When discussing the present results we must consider that in the present study X-sorted and non-sorted sperm were obtained from different ejaculates of the same bulls. It is known that the number and percentage of motile sperm of bovine semen ejaculates can vary [34] which may affect fertilization results after AI or IVF. Experiment 1 solved this problem since the optimized sperm concentrations resulted in similar fertilization rates by the X-sorted and non-sorted sperm despite the different ejaculates from each bull. It is not clear if post-fertilization embryo development varies between ejaculates from the same bull. Nevertheless, DNA integrity in spermatozoa (which could theoretically affect post-fertilization embryo development) does not seem to vary greatly amongst different ejaculates from the same bull [35] which suggests that ejaculate differences might not affect embryo production as long as the health condition of the bull is maintained.

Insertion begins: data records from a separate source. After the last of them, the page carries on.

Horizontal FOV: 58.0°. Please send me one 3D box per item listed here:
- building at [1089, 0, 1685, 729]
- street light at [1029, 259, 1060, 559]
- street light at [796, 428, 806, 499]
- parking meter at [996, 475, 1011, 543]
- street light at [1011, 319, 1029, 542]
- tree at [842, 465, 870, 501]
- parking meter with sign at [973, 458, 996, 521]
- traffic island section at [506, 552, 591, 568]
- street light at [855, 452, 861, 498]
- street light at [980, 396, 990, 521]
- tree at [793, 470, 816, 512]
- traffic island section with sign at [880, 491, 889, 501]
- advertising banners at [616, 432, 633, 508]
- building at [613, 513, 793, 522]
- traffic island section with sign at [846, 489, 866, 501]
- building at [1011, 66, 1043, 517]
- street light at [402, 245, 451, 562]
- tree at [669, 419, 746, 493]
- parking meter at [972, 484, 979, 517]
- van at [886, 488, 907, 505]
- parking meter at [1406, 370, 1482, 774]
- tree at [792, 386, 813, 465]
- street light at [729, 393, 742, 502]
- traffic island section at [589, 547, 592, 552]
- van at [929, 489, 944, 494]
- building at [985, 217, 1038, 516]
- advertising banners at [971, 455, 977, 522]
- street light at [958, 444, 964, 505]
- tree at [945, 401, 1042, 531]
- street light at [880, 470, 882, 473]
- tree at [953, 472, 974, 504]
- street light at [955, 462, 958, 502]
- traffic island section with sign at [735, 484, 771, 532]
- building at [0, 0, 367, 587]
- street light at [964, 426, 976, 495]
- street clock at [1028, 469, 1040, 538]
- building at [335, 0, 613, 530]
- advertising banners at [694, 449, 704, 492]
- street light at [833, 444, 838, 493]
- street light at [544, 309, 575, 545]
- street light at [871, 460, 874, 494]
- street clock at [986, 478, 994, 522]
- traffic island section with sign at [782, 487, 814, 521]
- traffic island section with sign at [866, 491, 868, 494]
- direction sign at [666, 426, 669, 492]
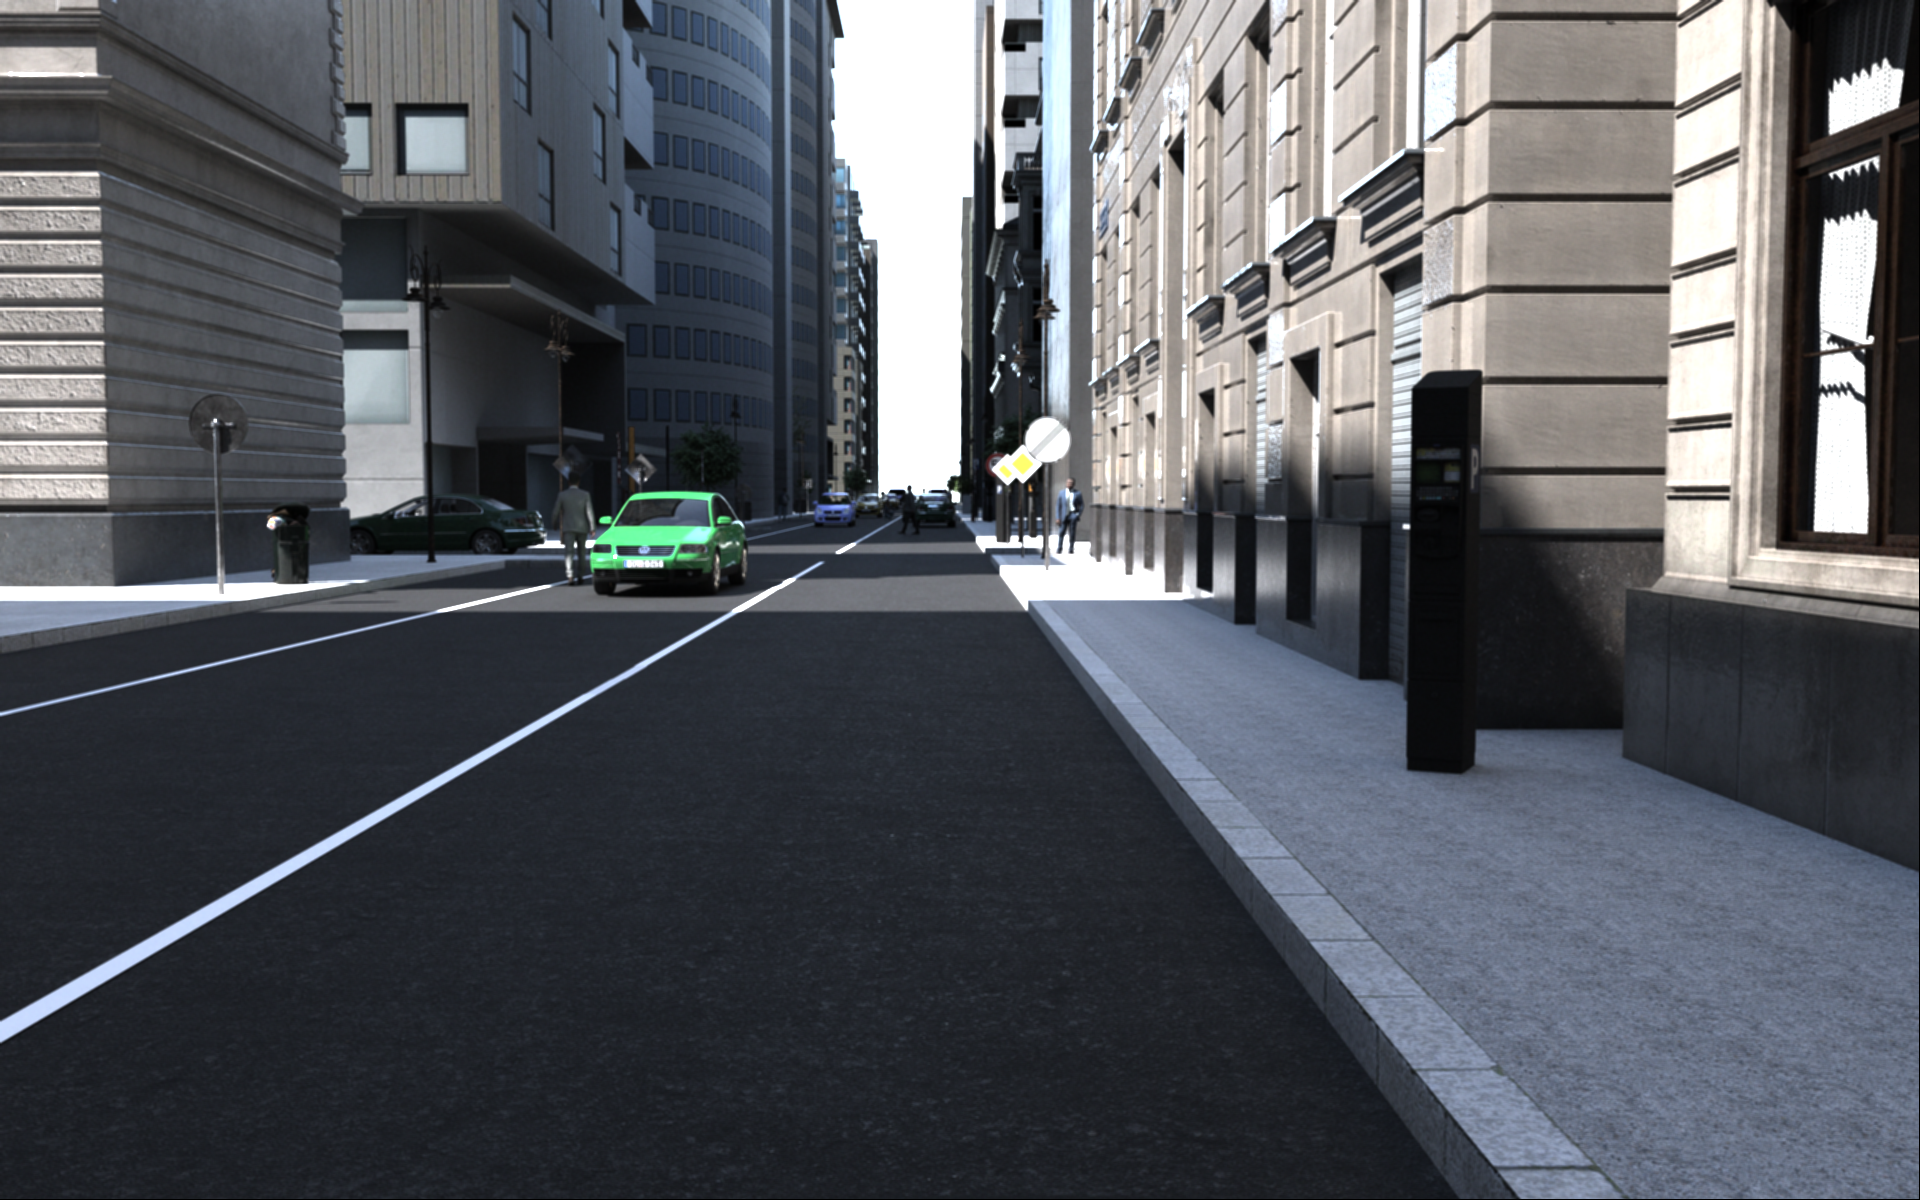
[{"bbox_3d":[8.288,-13.669,20.755,12.463,27.353,25.104,0,4,-1],"label":"building"},{"bbox_3d":[1.693,-3.757,34.222,0.468,5.910,1.993,0,4,-1],"label":"street light"},{"bbox_3d":[-10.867,-8.998,119.912,0.468,5.910,1.993,0,4,-1],"label":"street light"},{"bbox_3d":[1.143,-2.428,45.414,0.255,1.863,0.399,-2,4,-35],"label":"parking meter"},{"bbox_3d":[1.604,-4.468,45.844,0.468,5.910,1.993,0,4,-1],"label":"street light"},{"bbox_3d":[-11.721,-12.941,195.295,4.285,4.588,4.351,0,3,0],"label":"tree"},{"bbox_3d":[1.478,-5.391,84.400,1.738,3.016,0.543,-3,4,-36],"label":"parking meter with sign"},{"bbox_3d":[-7.850,-0.780,35.034,2.009,0.180,2.903,0,4,-1],"label":"traffic island section"},{"bbox_3d":[-11.729,-14.068,202.797,0.468,5.910,1.993,0,4,-1],"label":"street light"},{"bbox_3d":[1.189,-6.657,81.623,0.468,5.910,1.993,0,4,-1],"label":"street light"},{"bbox_3d":[-11.173,-8.090,126.878,1.663,3.219,1.824,0,3,0],"label":"tree"},{"bbox_3d":[-10.227,-14.886,252.015,1.989,1.847,2.006,0,4,-1],"label":"traffic island section with sign"},{"bbox_3d":[-9.605,-3.265,49.577,0.090,3.025,2.074,0,4,1],"label":"advertising banners"},{"bbox_3d":[-20.677,-33.596,91.297,21.231,58.520,28.212,0,4,-1],"label":"building"},{"bbox_3d":[-9.028,-8.199,142.681,1.989,1.847,2.006,0,4,-1],"label":"traffic island section with sign"},{"bbox_3d":[9.708,-16.013,80.889,14.460,24.649,34.723,0,4,-1],"label":"building"},{"bbox_3d":[-9.929,-3.644,32.368,0.468,5.910,1.993,0,4,-1],"label":"street light"},{"bbox_3d":[-11.096,-5.652,76.118,4.285,4.588,4.351,0,3,0],"label":"tree"},{"bbox_3d":[0.869,-5.621,97.620,0.399,1.863,0.255,0,4,4],"label":"parking meter"},{"bbox_3d":[-6.501,-10.759,180.300,2.240,2.365,5.245,0,4,1],"label":"van"},{"bbox_3d":[2.253,-0.143,8.057,0.255,1.863,0.399,2,4,27],"label":"parking meter"},{"bbox_3d":[-11.433,-9.845,111.328,4.360,8.622,3.978,0,3,0],"label":"tree"},{"bbox_3d":[-10.319,-6.541,79.739,0.468,5.910,1.993,0,4,-1],"label":"street light"},{"bbox_3d":[-7.938,-1.268,43.019,2.009,0.180,2.903,0,4,-1],"label":"traffic island section"},{"bbox_3d":[-2.775,-12.292,205.353,2.240,2.365,5.245,0,4,-2],"label":"van"},{"bbox_3d":[7.072,-14.893,108.125,10.561,19.102,19.286,0,4,-1],"label":"building"},{"bbox_3d":[0.632,-5.083,79.296,0.090,3.025,2.074,0,4,-5],"label":"advertising banners"},{"bbox_3d":[0.318,-11.371,158.707,0.468,5.910,1.993,0,4,-1],"label":"street light"},{"bbox_3d":[2.351,-4.734,61.113,4.285,4.588,4.351,0,3,0],"label":"tree"},{"bbox_3d":[-12.524,-18.476,274.862,0.468,5.910,1.993,0,4,-1],"label":"street light"},{"bbox_3d":[0.746,-8.900,140.120,1.663,3.219,1.824,0,3,0],"label":"tree"},{"bbox_3d":[-0.074,-13.551,194.347,0.468,5.910,1.993,0,4,-1],"label":"street light"},{"bbox_3d":[-8.199,-3.492,65.724,1.989,1.847,2.006,0,4,-1],"label":"traffic island section with sign"},{"bbox_3d":[-20.930,-12.166,27.799,19.941,23.489,11.050,0,4,-1],"label":"building"},{"bbox_3d":[0.684,-9.191,123.066,0.468,5.910,1.993,0,4,-1],"label":"street light"},{"bbox_3d":[2.136,-2.793,50.239,0.358,2.002,0.471,1,4,10],"label":"street clock"},{"bbox_3d":[-25.163,-28.526,55.636,28.713,52.752,27.495,0,4,-1],"label":"building"},{"bbox_3d":[-10.079,-4.329,66.960,0.090,3.025,2.074,0,4,2],"label":"advertising banners"},{"bbox_3d":[-11.168,-11.203,155.963,0.468,5.910,1.993,0,4,-1],"label":"street light"},{"bbox_3d":[-9.989,-4.316,43.358,0.468,5.910,1.993,0,4,-1],"label":"street light"},{"bbox_3d":[-12.029,-16.248,238.439,0.468,5.910,1.993,0,4,-1],"label":"street light"},{"bbox_3d":[1.377,-4.611,79.966,0.358,2.002,0.471,-1,4,-20],"label":"street clock"},{"bbox_3d":[-8.490,-5.141,92.677,1.989,1.847,2.006,0,4,-1],"label":"traffic island section with sign"},{"bbox_3d":[-9.337,-9.872,170.027,1.989,1.847,2.006,0,4,-1],"label":"traffic island section with sign"},{"bbox_3d":[-9.735,-4.020,57.719,0.379,3.537,0.876,-1,4,-14],"label":"direction sign"}]
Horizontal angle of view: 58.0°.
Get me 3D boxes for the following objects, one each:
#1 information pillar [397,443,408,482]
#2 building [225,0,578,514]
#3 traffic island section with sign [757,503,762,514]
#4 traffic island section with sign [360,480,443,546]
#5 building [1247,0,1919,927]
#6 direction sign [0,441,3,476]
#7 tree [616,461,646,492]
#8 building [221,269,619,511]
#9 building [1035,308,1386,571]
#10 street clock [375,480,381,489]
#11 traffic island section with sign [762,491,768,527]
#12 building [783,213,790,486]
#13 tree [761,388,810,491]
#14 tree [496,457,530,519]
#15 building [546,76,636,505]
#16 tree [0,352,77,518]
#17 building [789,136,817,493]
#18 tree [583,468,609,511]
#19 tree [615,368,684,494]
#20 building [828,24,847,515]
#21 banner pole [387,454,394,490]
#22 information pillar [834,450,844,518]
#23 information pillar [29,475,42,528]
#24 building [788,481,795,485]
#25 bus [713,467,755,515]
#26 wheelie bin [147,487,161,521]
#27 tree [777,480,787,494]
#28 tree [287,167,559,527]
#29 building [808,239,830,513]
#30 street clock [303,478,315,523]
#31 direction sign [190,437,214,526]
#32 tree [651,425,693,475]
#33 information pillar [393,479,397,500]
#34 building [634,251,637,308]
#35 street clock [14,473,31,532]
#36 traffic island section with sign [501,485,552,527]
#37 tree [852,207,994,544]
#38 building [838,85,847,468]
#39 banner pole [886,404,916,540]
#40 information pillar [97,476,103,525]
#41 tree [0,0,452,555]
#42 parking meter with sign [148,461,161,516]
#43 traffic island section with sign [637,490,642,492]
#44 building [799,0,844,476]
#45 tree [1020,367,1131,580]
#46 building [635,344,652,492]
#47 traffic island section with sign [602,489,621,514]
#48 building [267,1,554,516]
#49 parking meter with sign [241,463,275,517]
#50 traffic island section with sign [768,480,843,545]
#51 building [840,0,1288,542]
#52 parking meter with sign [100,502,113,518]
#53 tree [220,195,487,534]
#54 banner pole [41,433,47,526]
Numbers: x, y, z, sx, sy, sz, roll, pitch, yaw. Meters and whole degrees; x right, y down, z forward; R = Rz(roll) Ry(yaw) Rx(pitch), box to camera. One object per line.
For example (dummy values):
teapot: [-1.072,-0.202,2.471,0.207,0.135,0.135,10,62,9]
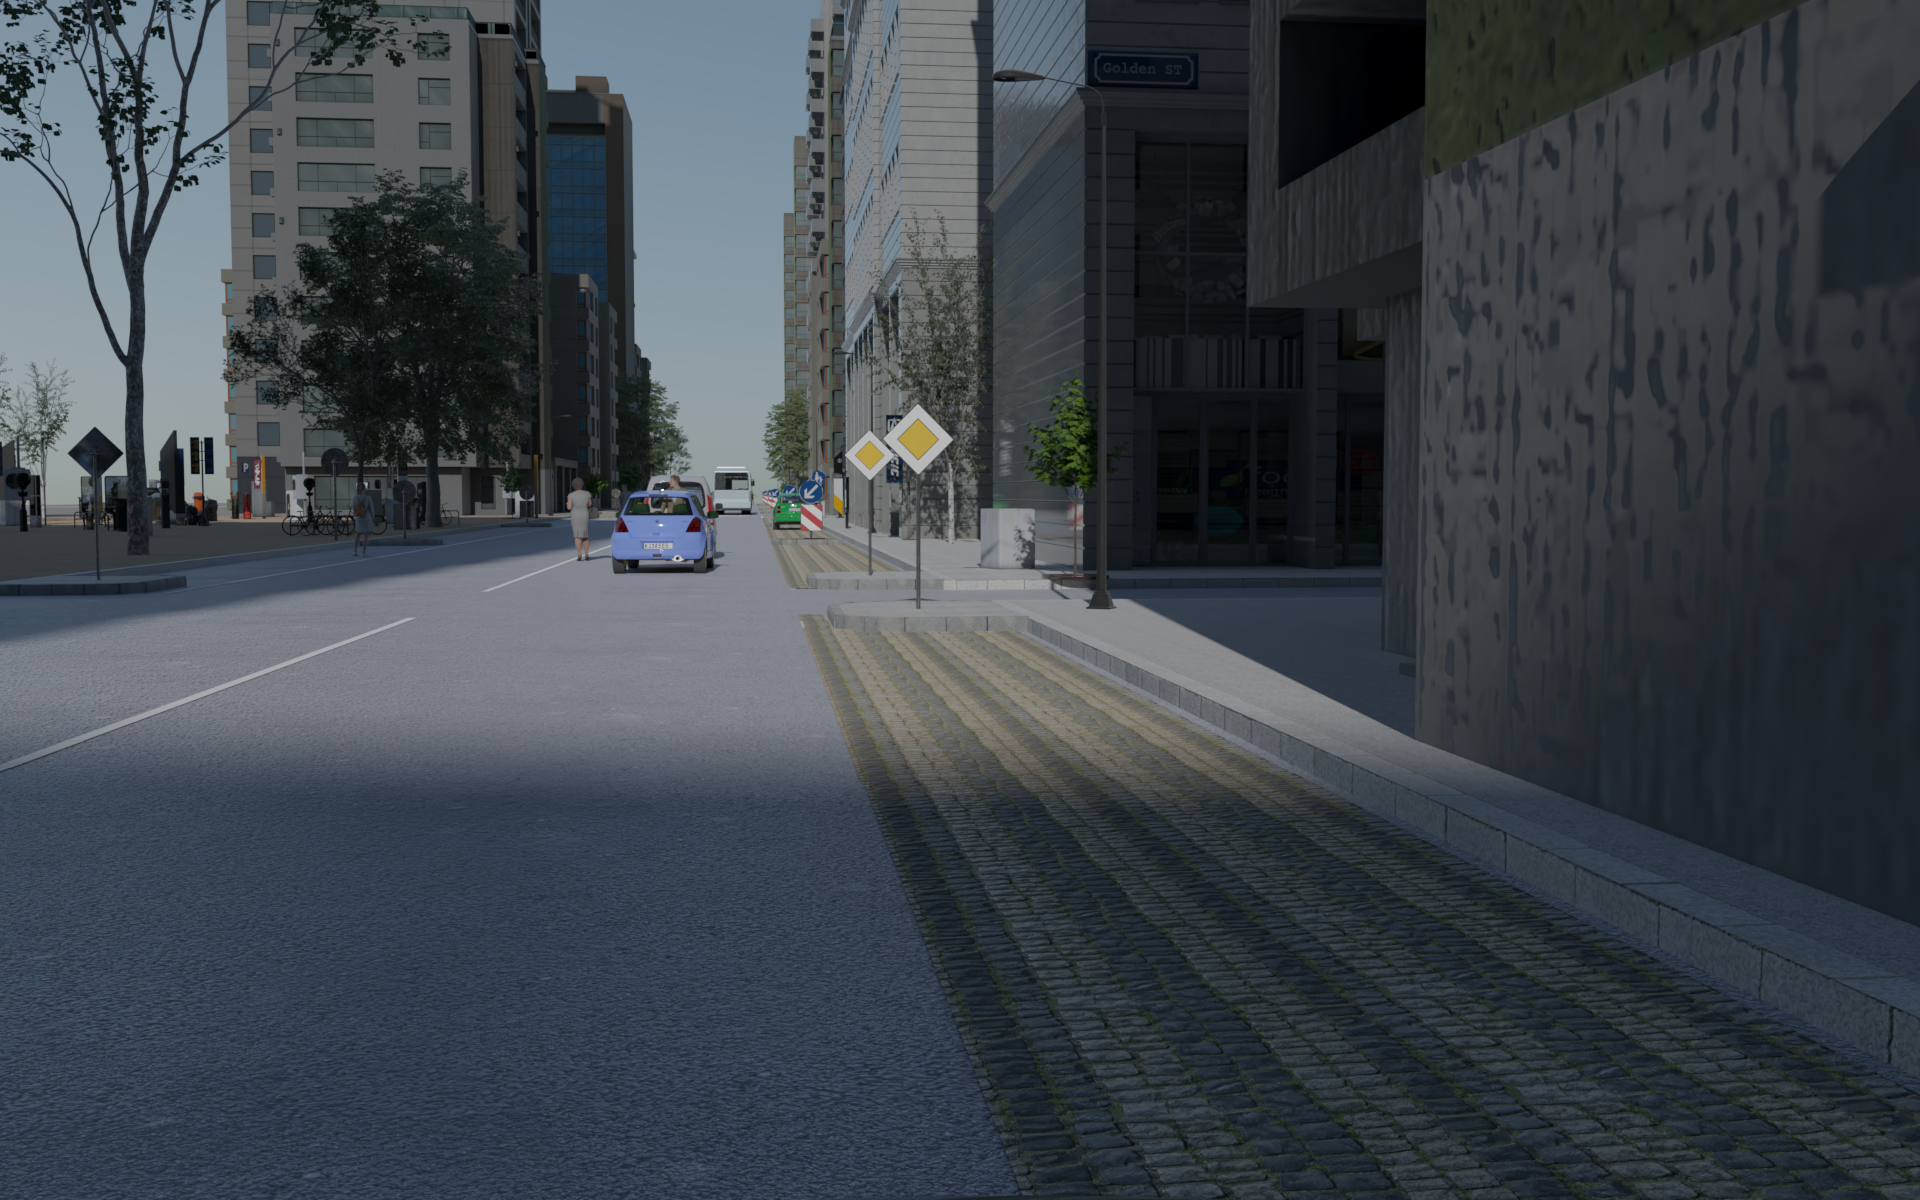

In conclusion, in our system, variation of the fertility of semen amongst bulls was observed; however, it was not associated with X-sorting. When sperm concentration for IVF was optimized for each bull in a way that resulted in similar fertilization rate amongst the 4 bulls, reduced blastocyst development was associated with X-sorted sperm in one bull. Further research will be needed to clarify if bull-dependent developmental anomalies caused by sperm sorting affect pregnancy and calving rates following embryo transfer.